Rapport au dimanche

A Séville, le dimanche ressemble à un mardi mais j’ai quand même du mal à me croire mardi parce que je sais qu’on est dimanche. C’est tout le problème du dimanche. Tout à l’heure, on prenait un verre au soleil dans une ruelle animée et quelque chose ne collait pas. Je me disais que le voyage bousculait agréablement mon rapport au temps, aux autres, à l’écriture, à ma carte bleue, mais pas mon rapport au dimanche. Je suis partie avec et je vais rentrer avec. Je vais rentrer avec ce truc qui me suit depuis toujours, qui a commencé en CE2 parce que j’avais poésie lundi et qui ne m’a jamais lâchée. Cette sensation étrange de ne plus être dans la vie et de naviguer dans un rien, un peu comme au mois d’août.

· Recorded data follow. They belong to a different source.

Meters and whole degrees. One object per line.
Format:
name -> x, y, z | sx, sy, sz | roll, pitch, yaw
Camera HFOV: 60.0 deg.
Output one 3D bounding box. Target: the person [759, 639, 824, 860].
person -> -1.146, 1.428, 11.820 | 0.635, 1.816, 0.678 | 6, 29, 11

Même quand j’ai été pressée d’être lundi pour un regard devant le lycée, le dimanche n’était pas pire, pas mieux : il ne passait pas. J’ai longtemps essayé de lutter, de remplir le vide, de travestir le dimanche en samedi en me promenant chez Zara et en voyant des amis, mais le pull que tu achètes et les verres que tu avales ont quand même ce vieux goût de pique-nique à Vincennes organisé pour passer le temps. On pourrait prendre tout ce que j’aime dans la vie et le foutre un dimanche, j’aurais juste l’air d’une boule d’angoisse géante qui sirote du rosé en écoutant Lynda Lemay.

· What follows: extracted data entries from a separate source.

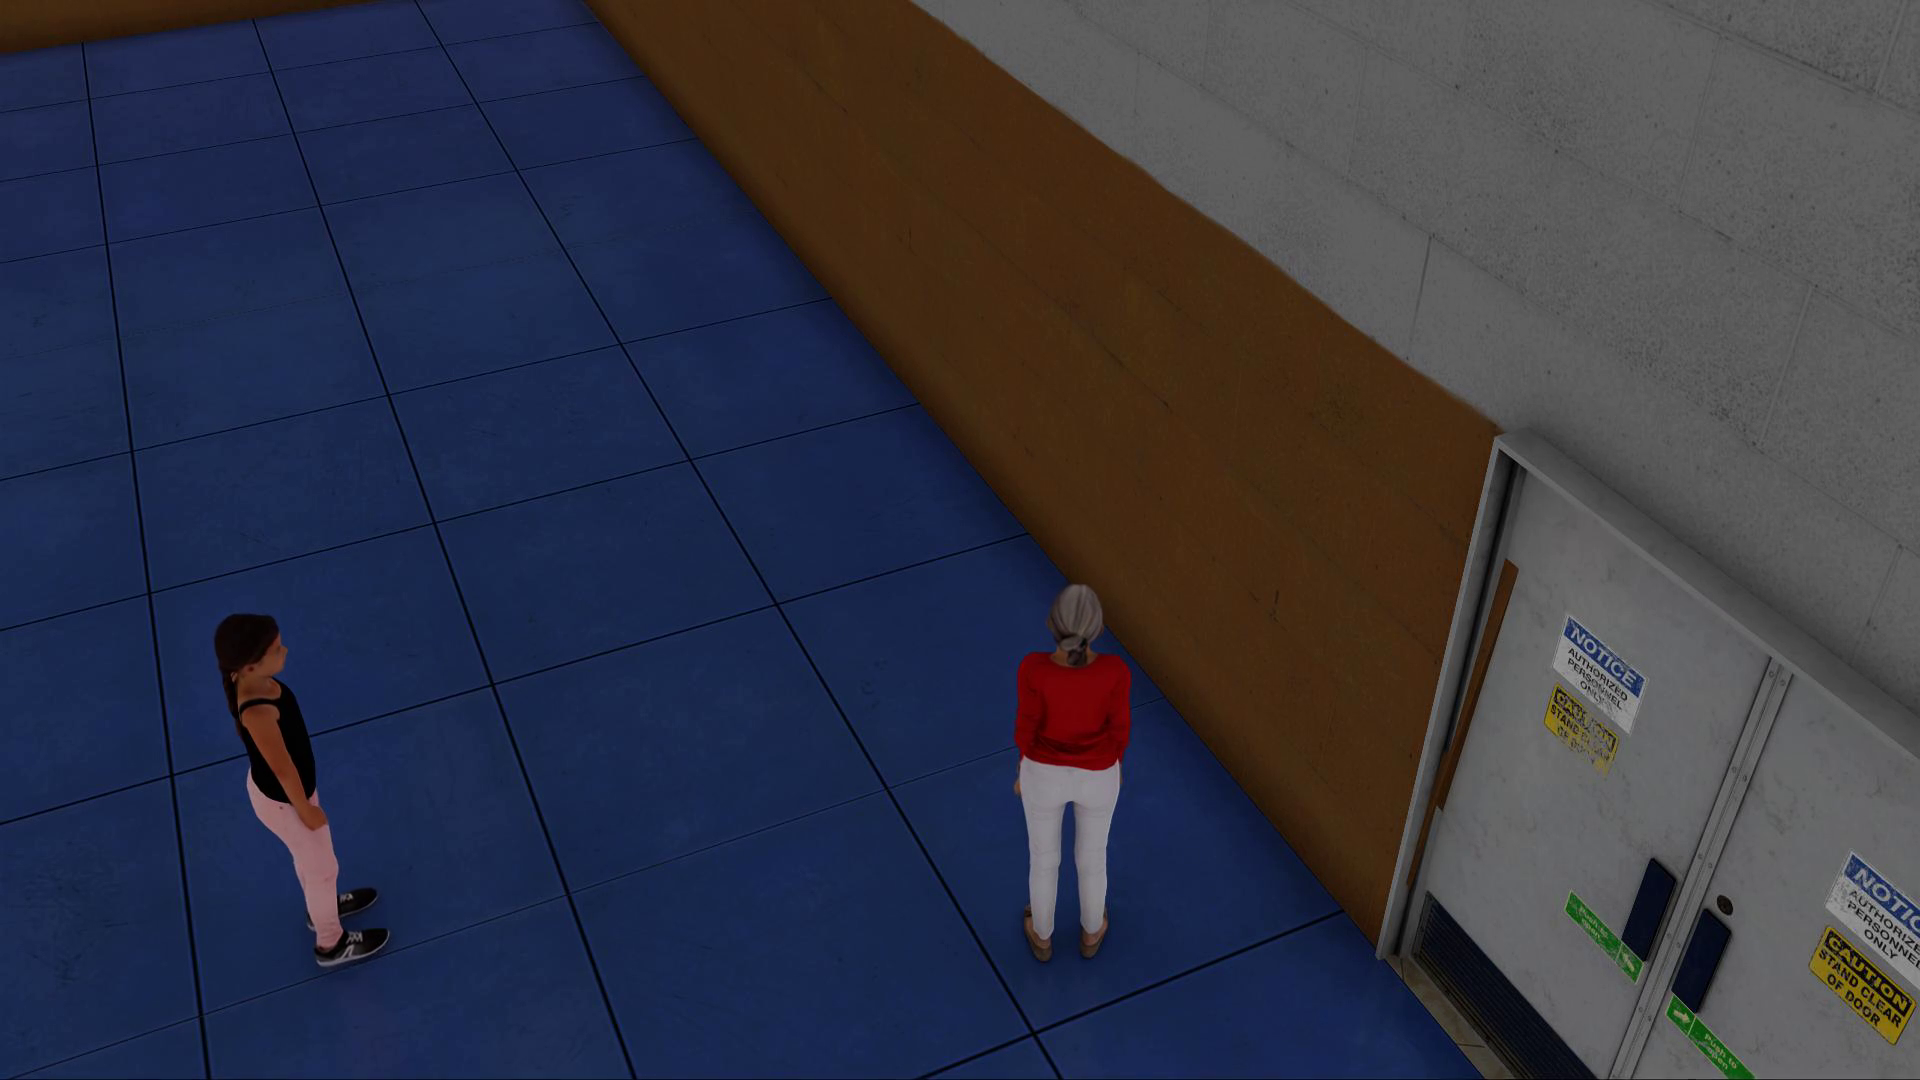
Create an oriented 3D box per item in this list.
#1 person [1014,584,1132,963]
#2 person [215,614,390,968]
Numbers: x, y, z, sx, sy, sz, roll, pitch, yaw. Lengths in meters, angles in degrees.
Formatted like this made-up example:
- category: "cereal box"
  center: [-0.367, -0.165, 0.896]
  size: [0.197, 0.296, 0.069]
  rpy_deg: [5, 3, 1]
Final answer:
- category: "person"
  center: [0.379, 0.821, 5.717]
  size: [0.603, 1.693, 0.694]
  rpy_deg: [0, 37, 0]
- category: "person"
  center: [-2.328, 0.872, 5.758]
  size: [0.539, 1.562, 0.537]
  rpy_deg: [-19, 41, -24]

Je ne peux pas dire que tous les dimanches me collent un vide. Certains dimanches, je tombe dans le piège du puzzle en pyjama entre deux épisodes Netflix et ça me donne l’impression d’avoir trouvé la clé. Mais le dimanche me rattrape toujours. Partout, tout le temps, il y a ce truc dans l’air, ce truc de fin de semaine qui me met mal à l’aise. C’est vraiment l’idée de fin qui me dérange, comme si une semaine ne pouvait pas se terminer sans trébucher dans un trou où tout le monde médite en tailleur, mange une viande en sauce et se promène au parc. De toute évidence, j’ai toujours eu du mal avec le silence, les magasins fermés et les déjeuners interminables, et même en plein mois de juillet avec des copains et de la crème solaire, je vois bien que le soleil se couche plus tôt le dimanche que le vendredi. Le vendredi, il se couche très-très tard.

J’aime les lundis autant que les samedis, sans doute parce que les lundis me sortent de là. Tout le monde se réveille. Parfois, je me demande ce que serait une vie qui passe du samedi au lundi et me ferait grâce du dimanche. Peut-être que oui, il me manquerait quelque chose pour éviter de jouir deux fois de suite sans reprendre mes esprits, mais entre les deux, je collerais un jeudi soir, des courses chez Carrefour et un afterwork de faux culs trop contents d’être en soirée.

J’ai longtemps pensé que la vie de freelance m’aiderait à mieux digérer ce vieux goût de xanax qui te fond sur la langue dès le dimanche après-midi, et même si c’est un peu le cas, même si les jours de la semaine perdent un peu de leur identité, le dimanche reste un dimanche. Plus surprenant encore, si le lundi est férié, non seulement le dimanche est angoissant, mais le lundi est un second dimanche, c’est le double coup de pelle et ça m’oppresse. En couple aussi, j’ai cru que ça changerait. A deux, oui, c’est parfois plus simple, mais ça n’empêche qu’on est toujours dimanche, et même à Séville, même au soleil. Je crois que le dimanche est beaucoup trop solide pour que je rivalise. Je le connais trop pour qu’il me fasse croire qu’un petit tour au marché et une bonne bière à deux mille kilomètres de Paris, ça change la donne. Alors vivement demain mais pas trop vite quand même : c’est le dernier dimanche du voyage, ou à peu près, et je ferai moins la maligne quand mardi on sera vraiment mardi.